**Your objective**
When you return the lines below, go from the first through the line with "#7 rack shelf from (866, 436) to (1064, 538)", keep them exact, and leave out every picture.

**Given data**
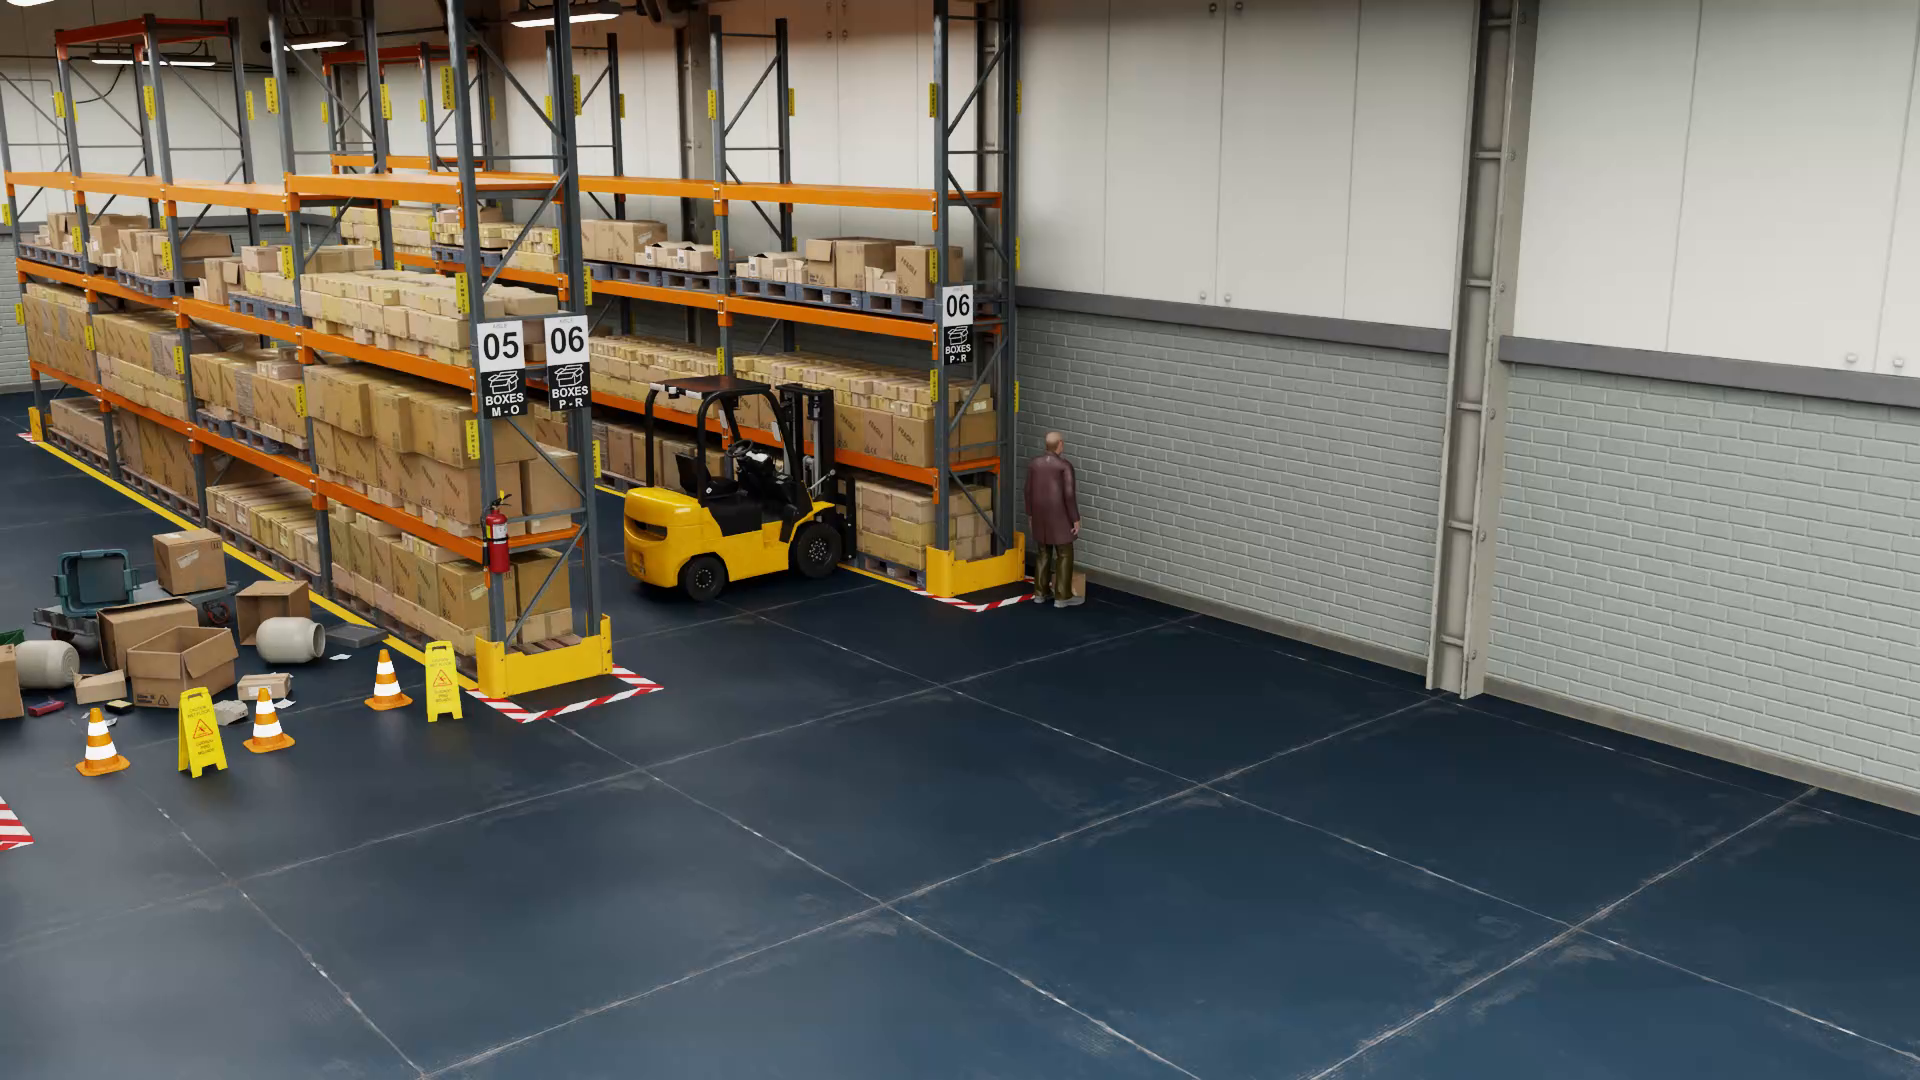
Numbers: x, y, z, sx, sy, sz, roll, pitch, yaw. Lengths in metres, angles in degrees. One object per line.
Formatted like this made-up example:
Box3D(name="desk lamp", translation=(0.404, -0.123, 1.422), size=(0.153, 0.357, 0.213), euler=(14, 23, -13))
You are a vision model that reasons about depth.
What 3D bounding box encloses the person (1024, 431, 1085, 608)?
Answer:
Box3D(name="person", translation=(0.945, -0.220, 16.926), size=(0.645, 1.772, 0.429), euler=(11, 17, 37))
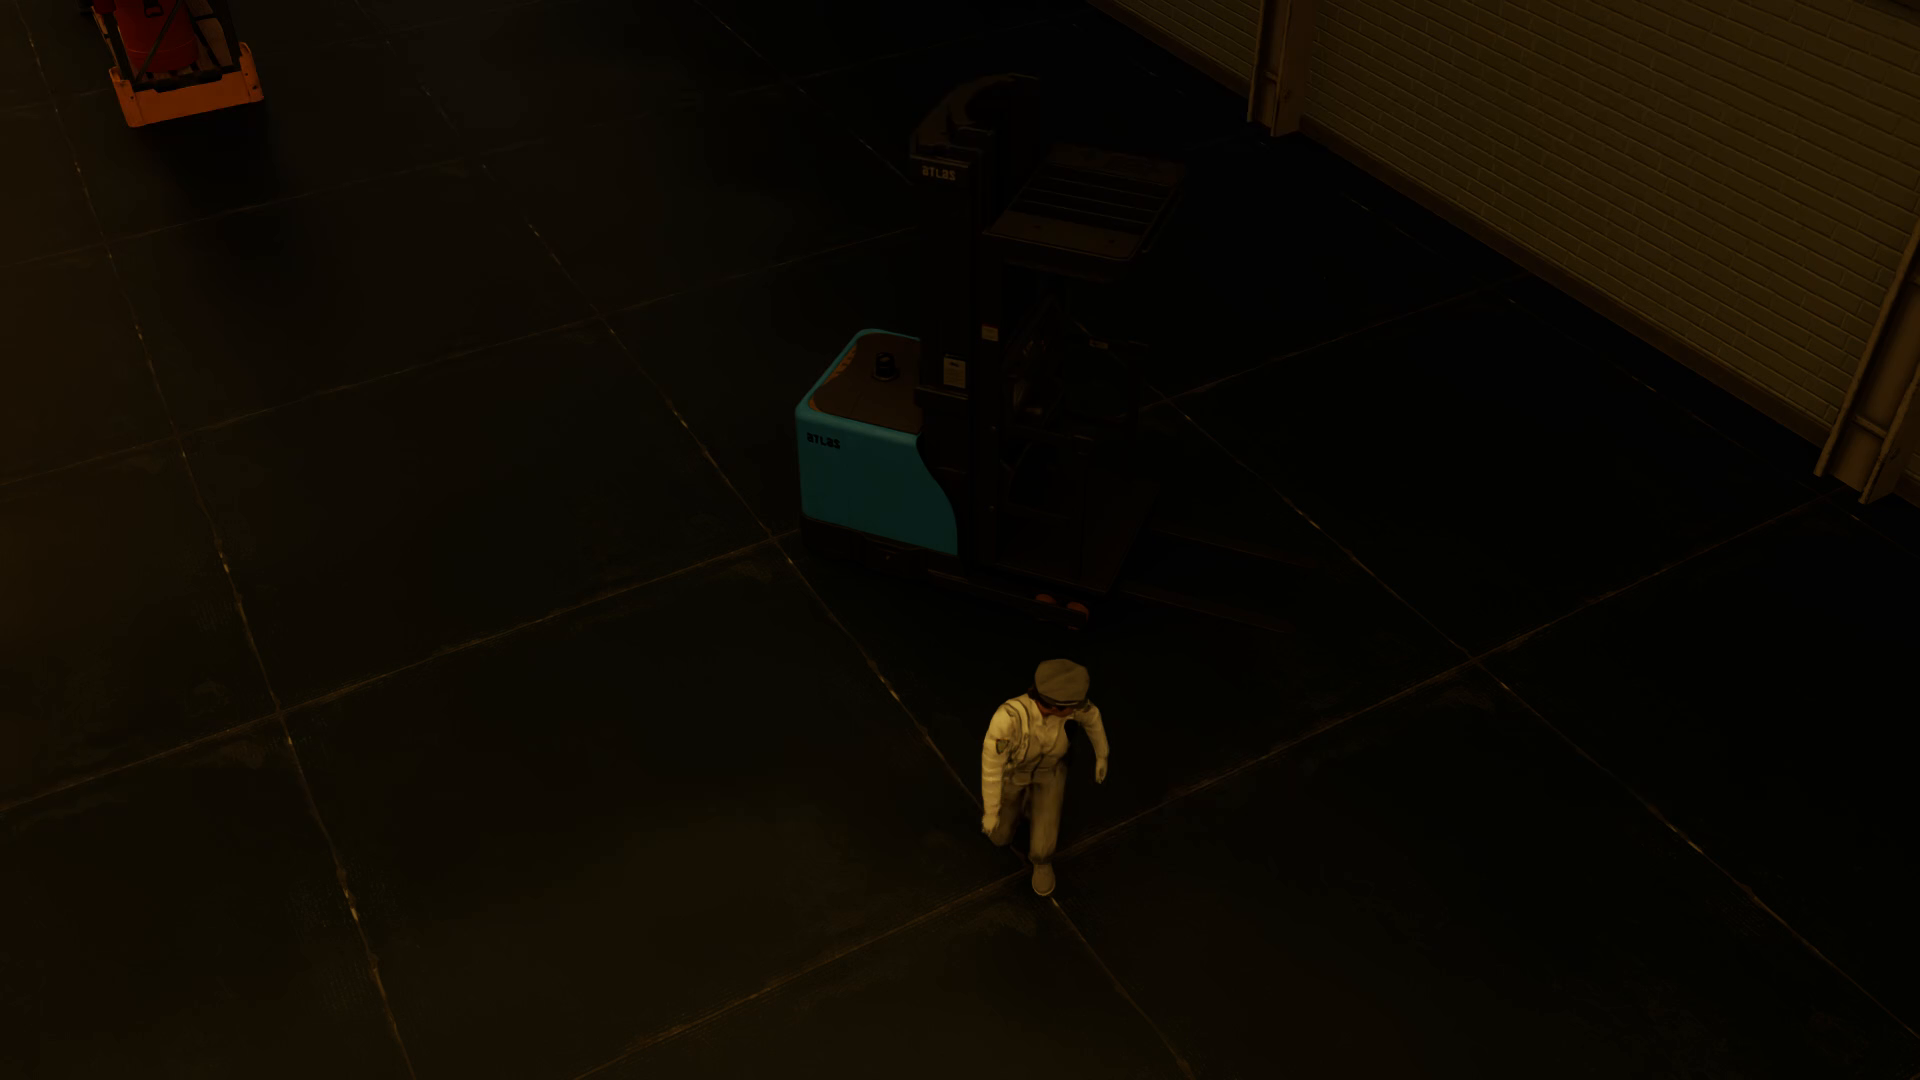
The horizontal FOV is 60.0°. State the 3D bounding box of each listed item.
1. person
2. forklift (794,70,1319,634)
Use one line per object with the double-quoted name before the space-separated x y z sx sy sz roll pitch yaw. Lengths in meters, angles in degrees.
"person" 0.405 1.070 7.925 0.635 1.452 0.618 -1 40 -2
"forklift" 0.595 -0.989 9.228 3.031 2.935 1.130 14 42 17
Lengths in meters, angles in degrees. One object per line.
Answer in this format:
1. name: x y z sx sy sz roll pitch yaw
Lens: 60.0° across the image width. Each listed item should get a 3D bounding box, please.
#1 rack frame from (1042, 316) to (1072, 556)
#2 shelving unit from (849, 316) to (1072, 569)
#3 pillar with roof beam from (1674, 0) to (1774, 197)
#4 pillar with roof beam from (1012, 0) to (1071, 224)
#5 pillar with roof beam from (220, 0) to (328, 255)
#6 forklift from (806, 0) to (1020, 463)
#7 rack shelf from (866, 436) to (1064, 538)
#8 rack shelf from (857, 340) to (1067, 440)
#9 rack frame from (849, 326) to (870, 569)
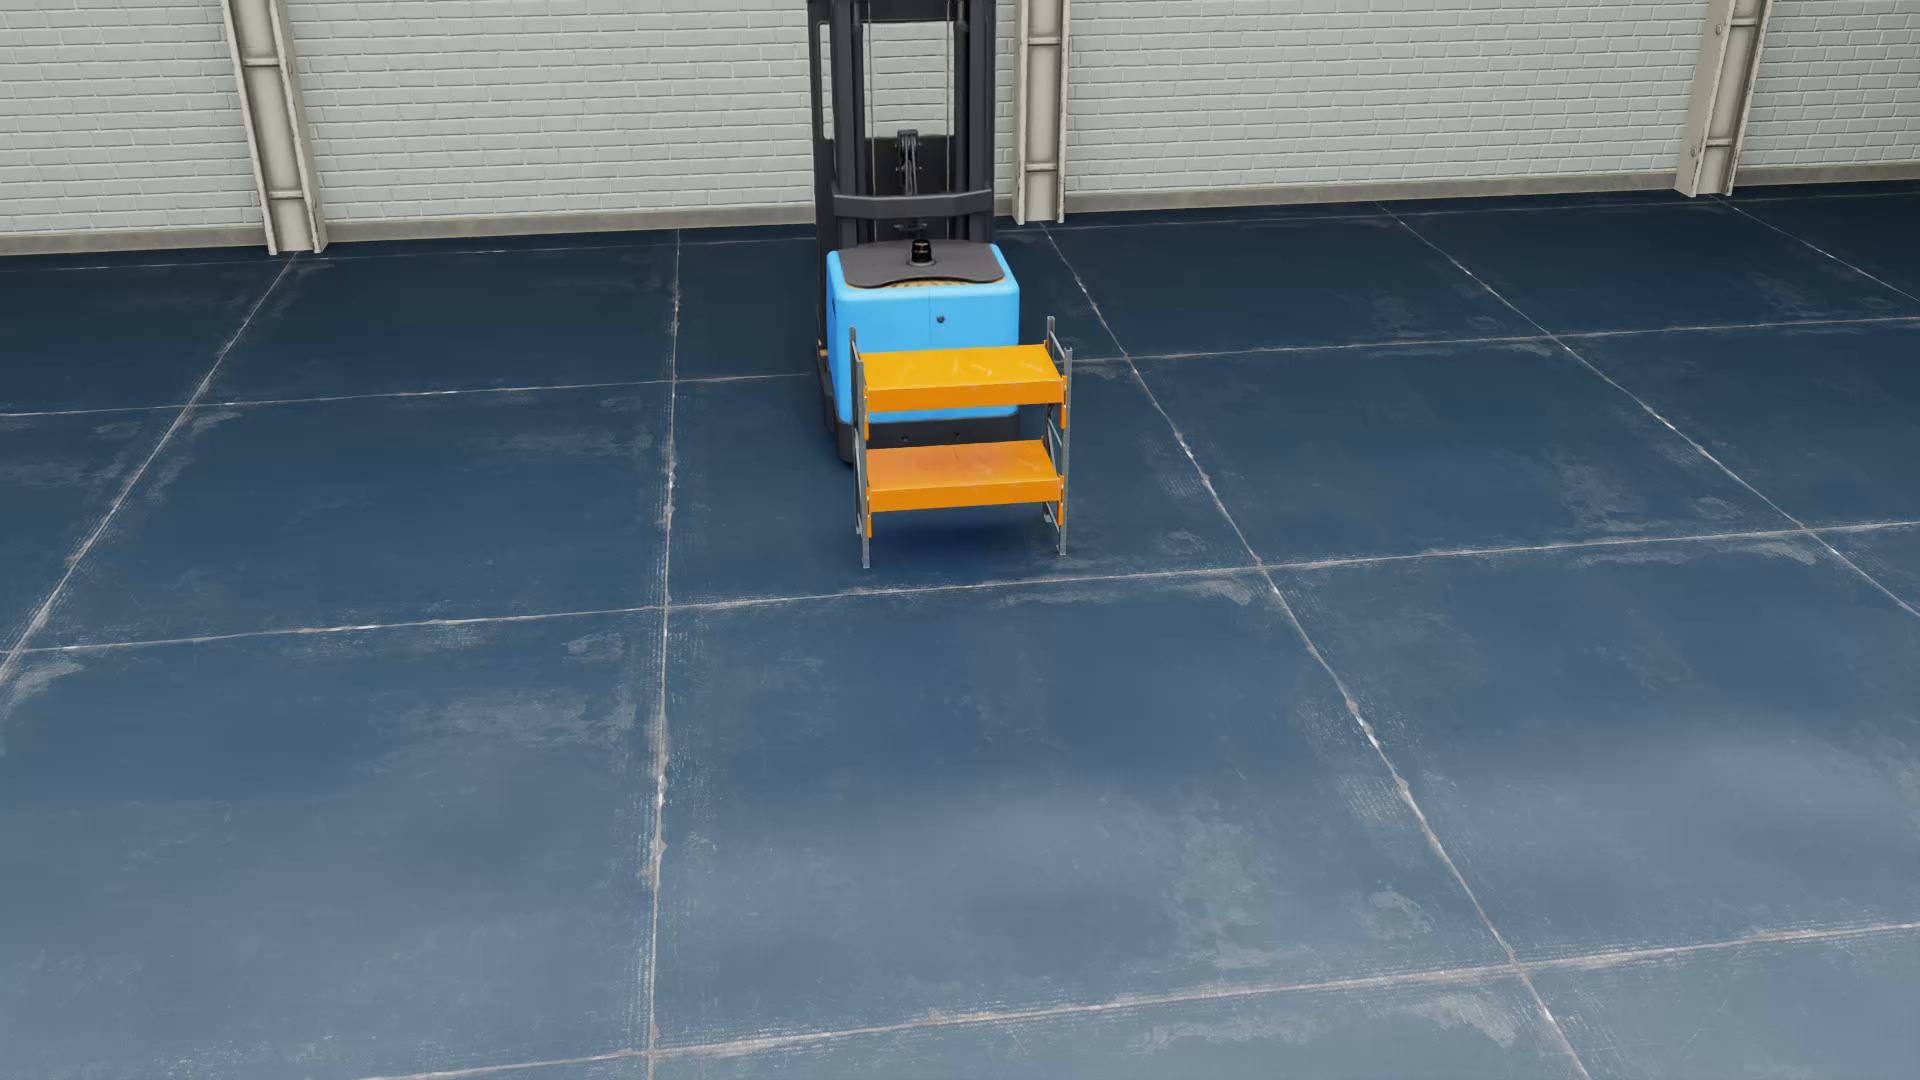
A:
1. rack frame: 0.497 -0.532 8.555 0.032 1.125 0.500 -4 27 -7
2. shelving unit: -0.007 -0.500 8.492 1.048 1.125 0.538 -4 27 -7
3. pillar with roof beam: 7.198 -5.157 8.944 0.400 9.000 9.100 -4 27 -7
4. pillar with roof beam: 1.256 -4.776 8.200 0.400 9.000 9.100 -4 27 -7
5. pillar with roof beam: -4.685 -4.394 7.456 0.400 9.000 9.100 -4 27 -7
6. forklift: -0.369 -2.389 10.196 1.130 2.935 3.031 -4 27 -7
7. rack shelf: -0.007 -0.282 8.604 1.000 0.278 0.538 -4 27 -7
8. rack shelf: -0.007 -0.760 8.359 1.000 0.278 0.538 -4 27 -7
9. rack frame: -0.510 -0.468 8.429 0.032 1.125 0.500 -4 27 -7

**Solution**
Numbers: x, y, z, sx, sy, sz, roll, pitch, yaw. Lengths in metres, angles in degrees. One object per line.
Formatted like this made-up example:
Box3D(name="desk lamp", translation=(0.404, -0.123, 1.422), size=(0.153, 0.357, 0.213), euler=(14, 23, -13))
You are a vision model that reasons about depth.
What 3D bounding box encloses the person (1024, 431, 1085, 608)?
Answer:
Box3D(name="person", translation=(0.945, -0.220, 16.926), size=(0.645, 1.772, 0.429), euler=(11, 17, 37))
The horizontal FOV is 60.0°. State the 3D bounding box of each listed item.
1. person
2. forklift (794,70,1319,634)
Use one line per object with the double-quoted name before the space-separated x y z sx sy sz roll pitch yaw. Lengths in meters, angles in degrees.
"person" 0.405 1.070 7.925 0.635 1.452 0.618 -1 40 -2
"forklift" 0.595 -0.989 9.228 3.031 2.935 1.130 14 42 17
Lengths in meters, angles in degrees. One object per line.
Answer in this format:
1. name: x y z sx sy sz roll pitch yaw
Lens: 60.0° across the image width. Each listed item should get a 3D bounding box, please.
#1 rack frame from (1042, 316) to (1072, 556)
#2 shelving unit from (849, 316) to (1072, 569)
#3 pillar with roof beam from (1674, 0) to (1774, 197)
#4 pillar with roof beam from (1012, 0) to (1071, 224)
#5 pillar with roof beam from (220, 0) to (328, 255)
#6 forklift from (806, 0) to (1020, 463)
#7 rack shelf from (866, 436) to (1064, 538)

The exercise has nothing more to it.